▸ **What is expected**
Every line below is to be given again precisely; images are to be left out.

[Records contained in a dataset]
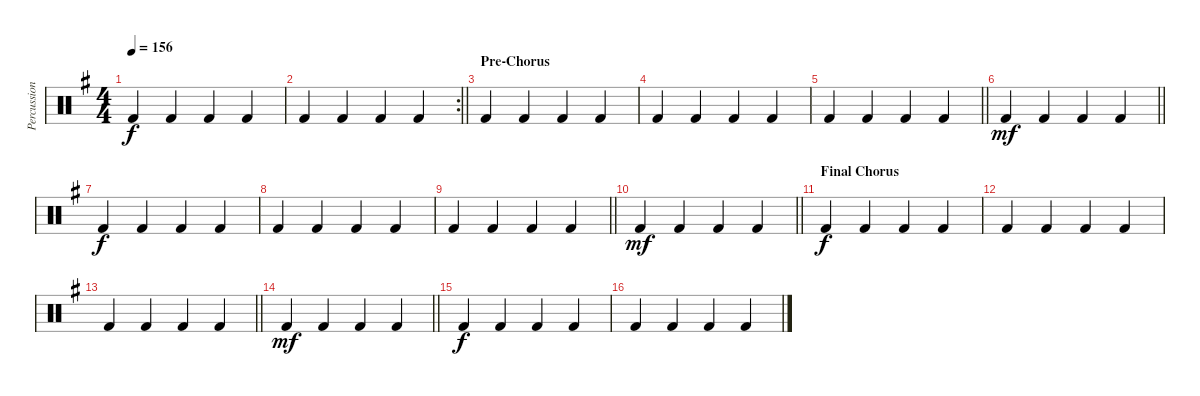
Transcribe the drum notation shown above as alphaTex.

\track ("Percussion" "Percussion") {instrument percussion}
\staff {score}
\articulation defaults
\ts (4 4)
\tempo 156
\clef neutral
\ks g "Kick (hit) 2".4{dy f} "Kick (hit) 2".4 "Kick (hit) 2".4 "Kick (hit) 2".4
|
\rc 2
\barLineRight lightlight "Kick (hit) 2".4 "Kick (hit) 2".4 "Kick (hit) 2".4 "Kick (hit) 2".4
|
\section ("" "Pre-Chorus")
"Kick (hit) 2".4 "Kick (hit) 2".4 "Kick (hit) 2".4 "Kick (hit) 2".4 |
"Kick (hit) 2".4 "Kick (hit) 2".4 "Kick (hit) 2".4 "Kick (hit) 2".4 |
\barLineRight lightlight "Kick (hit) 2".4 "Kick (hit) 2".4 "Kick (hit) 2".4 "Kick (hit) 2".4
|
\barLineRight lightlight "Kick (hit) 2".4{dy mf} "Kick (hit) 2".4 "Kick (hit) 2".4 "Kick (hit) 2".4
|
"Kick (hit) 2".4{dy f} "Kick (hit) 2".4 "Kick (hit) 2".4 "Kick (hit) 2".4 |
"Kick (hit) 2".4 "Kick (hit) 2".4 "Kick (hit) 2".4 "Kick (hit) 2".4 |
\barLineRight lightlight "Kick (hit) 2".4 "Kick (hit) 2".4 "Kick (hit) 2".4 "Kick (hit) 2".4
|
\barLineRight lightlight "Kick (hit) 2".4{dy mf} "Kick (hit) 2".4 "Kick (hit) 2".4 "Kick (hit) 2".4
|
\section ("" "Final Chorus")
"Kick (hit) 2".4{dy f} "Kick (hit) 2".4 "Kick (hit) 2".4 "Kick (hit) 2".4 |
"Kick (hit) 2".4 "Kick (hit) 2".4 "Kick (hit) 2".4 "Kick (hit) 2".4 |
\barLineRight lightlight "Kick (hit) 2".4 "Kick (hit) 2".4 "Kick (hit) 2".4 "Kick (hit) 2".4
|
\barLineRight lightlight "Kick (hit) 2".4{dy mf} "Kick (hit) 2".4 "Kick (hit) 2".4 "Kick (hit) 2".4
|
"Kick (hit) 2".4{dy f} "Kick (hit) 2".4 "Kick (hit) 2".4 "Kick (hit) 2".4 |
"Kick (hit) 2".4 "Kick (hit) 2".4 "Kick (hit) 2".4 "Kick (hit) 2".4

▸ **Response**
Transcribe the drum notation shown above as alphaTex.

\track ("Percussion" "Percussion") {instrument percussion}
\staff {score}
\articulation defaults
\ts (4 4)
\tempo 156
\clef neutral
\ks g "Kick (hit) 2".4{dy f} "Kick (hit) 2".4 "Kick (hit) 2".4 "Kick (hit) 2".4
|
\rc 2
\barLineRight lightlight "Kick (hit) 2".4 "Kick (hit) 2".4 "Kick (hit) 2".4 "Kick (hit) 2".4
|
\section ("" "Pre-Chorus")
"Kick (hit) 2".4 "Kick (hit) 2".4 "Kick (hit) 2".4 "Kick (hit) 2".4 |
"Kick (hit) 2".4 "Kick (hit) 2".4 "Kick (hit) 2".4 "Kick (hit) 2".4 |
\barLineRight lightlight "Kick (hit) 2".4 "Kick (hit) 2".4 "Kick (hit) 2".4 "Kick (hit) 2".4
|
\barLineRight lightlight "Kick (hit) 2".4{dy mf} "Kick (hit) 2".4 "Kick (hit) 2".4 "Kick (hit) 2".4
|
"Kick (hit) 2".4{dy f} "Kick (hit) 2".4 "Kick (hit) 2".4 "Kick (hit) 2".4 |
"Kick (hit) 2".4 "Kick (hit) 2".4 "Kick (hit) 2".4 "Kick (hit) 2".4 |
\barLineRight lightlight "Kick (hit) 2".4 "Kick (hit) 2".4 "Kick (hit) 2".4 "Kick (hit) 2".4
|
\barLineRight lightlight "Kick (hit) 2".4{dy mf} "Kick (hit) 2".4 "Kick (hit) 2".4 "Kick (hit) 2".4
|
\section ("" "Final Chorus")
"Kick (hit) 2".4{dy f} "Kick (hit) 2".4 "Kick (hit) 2".4 "Kick (hit) 2".4 |
"Kick (hit) 2".4 "Kick (hit) 2".4 "Kick (hit) 2".4 "Kick (hit) 2".4 |
\barLineRight lightlight "Kick (hit) 2".4 "Kick (hit) 2".4 "Kick (hit) 2".4 "Kick (hit) 2".4
|
\barLineRight lightlight "Kick (hit) 2".4{dy mf} "Kick (hit) 2".4 "Kick (hit) 2".4 "Kick (hit) 2".4
|
"Kick (hit) 2".4{dy f} "Kick (hit) 2".4 "Kick (hit) 2".4 "Kick (hit) 2".4 |
"Kick (hit) 2".4 "Kick (hit) 2".4 "Kick (hit) 2".4 "Kick (hit) 2".4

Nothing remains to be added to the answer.